Random ramblings about some random stuff, and things; but more stuff than things -- all in a mesmerizing and kaleidoscopic soapbox-like flow of words.
Researchers say they have made the most significant breakthrough for 15 years in the quest to understand the fatal condition Motor Neurone Disease (MND).
http://news.bbc.co.uk/1/hi/health/7266832.stm
http://www.ensembl.org/Homo_sapiens/genetreeview?gene=TARDBP
This is the Ensembl GeneTree for the TARDBP family, showing the evolutionary history of these genes in the different species present in the Ensembl database:
This tree shows the effect of a whole-genome-duplication (WGS) in the fish genomes, resulting in two copies of it in each of the five fish genomes in Ensembl v48. There is a duplication in Drosophila melanogaster, that may have taken place before the speciation of the melanogaster subgroup (D.melanogaster,D.simulans,D.sechellia).
There are 3 extra duplications, one in Dog, one in Monodelphis and a double duplication in Macaca mulatta.
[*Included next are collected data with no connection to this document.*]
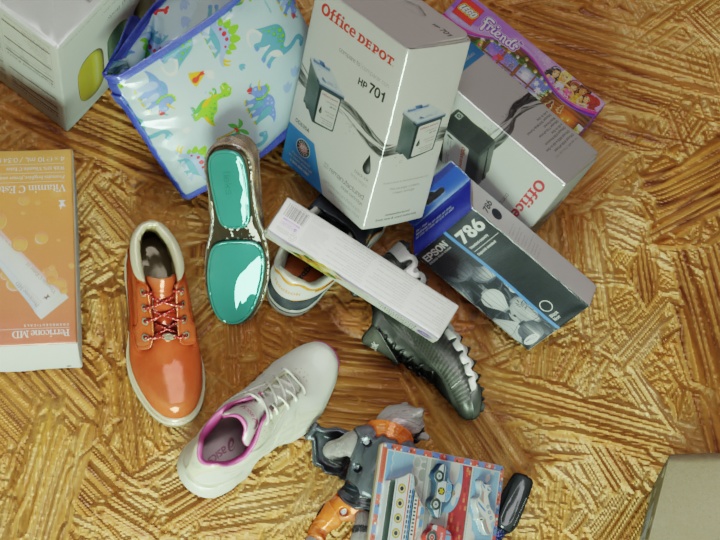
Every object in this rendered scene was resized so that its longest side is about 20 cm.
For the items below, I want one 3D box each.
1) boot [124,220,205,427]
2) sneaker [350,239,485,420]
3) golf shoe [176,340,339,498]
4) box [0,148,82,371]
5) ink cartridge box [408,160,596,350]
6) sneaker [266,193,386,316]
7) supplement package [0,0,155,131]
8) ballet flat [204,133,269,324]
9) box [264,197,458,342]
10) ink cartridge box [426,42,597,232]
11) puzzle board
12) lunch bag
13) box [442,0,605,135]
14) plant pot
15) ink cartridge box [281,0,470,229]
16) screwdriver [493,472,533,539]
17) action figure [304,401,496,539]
[{"bbox_3d":[-0.195,0.050,1.499,0.075,0.107,0.200,-9,75,-13],"label":"boot"},{"bbox_3d":[0.051,0.072,1.549,0.090,0.066,0.200,-24,73,-12],"label":"sneaker"},{"bbox_3d":[-0.092,0.139,1.492,0.075,0.092,0.200,43,70,8],"label":"golf shoe"},{"bbox_3d":[-0.338,-0.009,1.501,0.124,0.097,0.200,-3,73,-9],"label":"box"},{"bbox_3d":[0.130,-0.013,1.541,0.200,0.099,0.039,40,43,-9],"label":"ink cartridge box"},{"bbox_3d":[-0.022,-0.044,1.568,0.078,0.079,0.200,32,69,4],"label":"sneaker"},{"bbox_3d":[-0.306,-0.272,1.536,0.151,0.200,0.152,37,71,5],"label":"supplement package"},{"bbox_3d":[-0.119,-0.044,1.535,0.068,0.200,0.067,6,26,5],"label":"ballet flat"},{"bbox_3d":[0.000,0.000,1.498,0.200,0.039,0.041,32,77,-2],"label":"box"},{"bbox_3d":[0.117,-0.123,1.567,0.200,0.145,0.084,42,43,7],"label":"ink cartridge box"},{"bbox_3d":[0.068,0.273,1.451,0.151,0.017,0.200,15,76,-35],"label":"puzzle board"},{"bbox_3d":[-0.148,-0.194,1.540,0.127,0.170,0.200,20,60,44],"label":"lunch bag"},{"bbox_3d":[0.144,-0.190,1.658,0.200,0.039,0.137,39,71,6],"label":"box"},{"bbox_3d":[0.355,0.277,1.465,0.177,0.200,0.200,14,70,9],"label":"plant pot"},{"bbox_3d":[0.011,-0.165,1.498,0.086,0.200,0.146,-15,42,-36],"label":"ink cartridge box"},{"bbox_3d":[0.121,0.289,1.505,0.028,0.029,0.200,26,70,1],"label":"screwdriver"},{"bbox_3d":[0.035,0.222,1.479,0.200,0.105,0.194,14,80,-2],"label":"action figure"}]
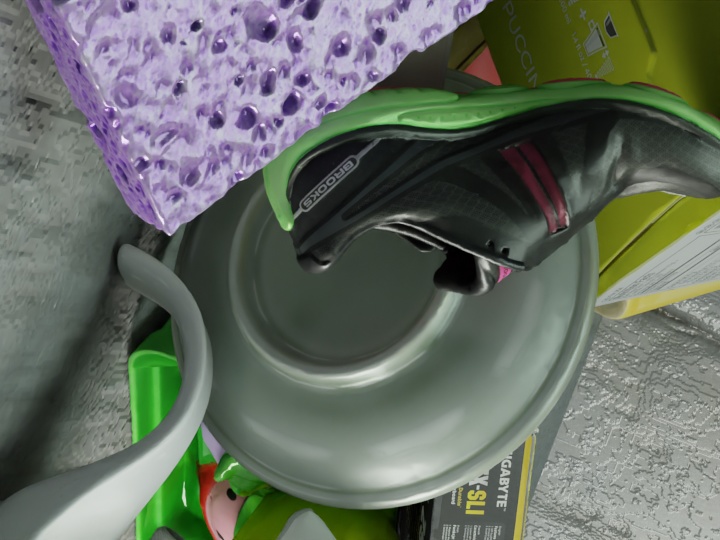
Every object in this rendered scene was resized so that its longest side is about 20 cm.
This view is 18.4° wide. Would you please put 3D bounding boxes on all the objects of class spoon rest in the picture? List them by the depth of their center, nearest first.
[{"bbox_3d":[-0.114,0.089,0.924,0.099,0.061,0.200,77,35,-70],"label":"spoon rest"}]

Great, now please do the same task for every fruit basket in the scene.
[{"bbox_3d":[-0.041,0.120,1.068,0.216,0.155,0.216,15,90,-83],"label":"fruit basket"}]

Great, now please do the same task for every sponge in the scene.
[{"bbox_3d":[-0.017,-0.110,0.794,0.200,0.030,0.112,-37,135,-18],"label":"sponge"}]

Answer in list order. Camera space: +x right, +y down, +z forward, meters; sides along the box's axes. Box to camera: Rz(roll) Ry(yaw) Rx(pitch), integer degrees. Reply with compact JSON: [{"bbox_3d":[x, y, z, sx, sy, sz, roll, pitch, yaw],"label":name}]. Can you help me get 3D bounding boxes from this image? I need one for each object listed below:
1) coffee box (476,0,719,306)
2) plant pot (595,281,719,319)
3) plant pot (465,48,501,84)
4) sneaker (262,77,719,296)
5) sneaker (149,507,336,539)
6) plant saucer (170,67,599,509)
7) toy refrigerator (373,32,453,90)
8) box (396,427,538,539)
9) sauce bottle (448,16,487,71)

Preliminary data seems to indicate that the double duplication is also present in the orang genome, which isn't a very parsimonious occurrence. If we consider
that the duplication took place at the Catarrhini level, it requires three gene loss events in Human and three more in Chimp to explain why we see four copies in the rhesus and orang genomes. All of them seem like real genes, without much doubt about their prediction.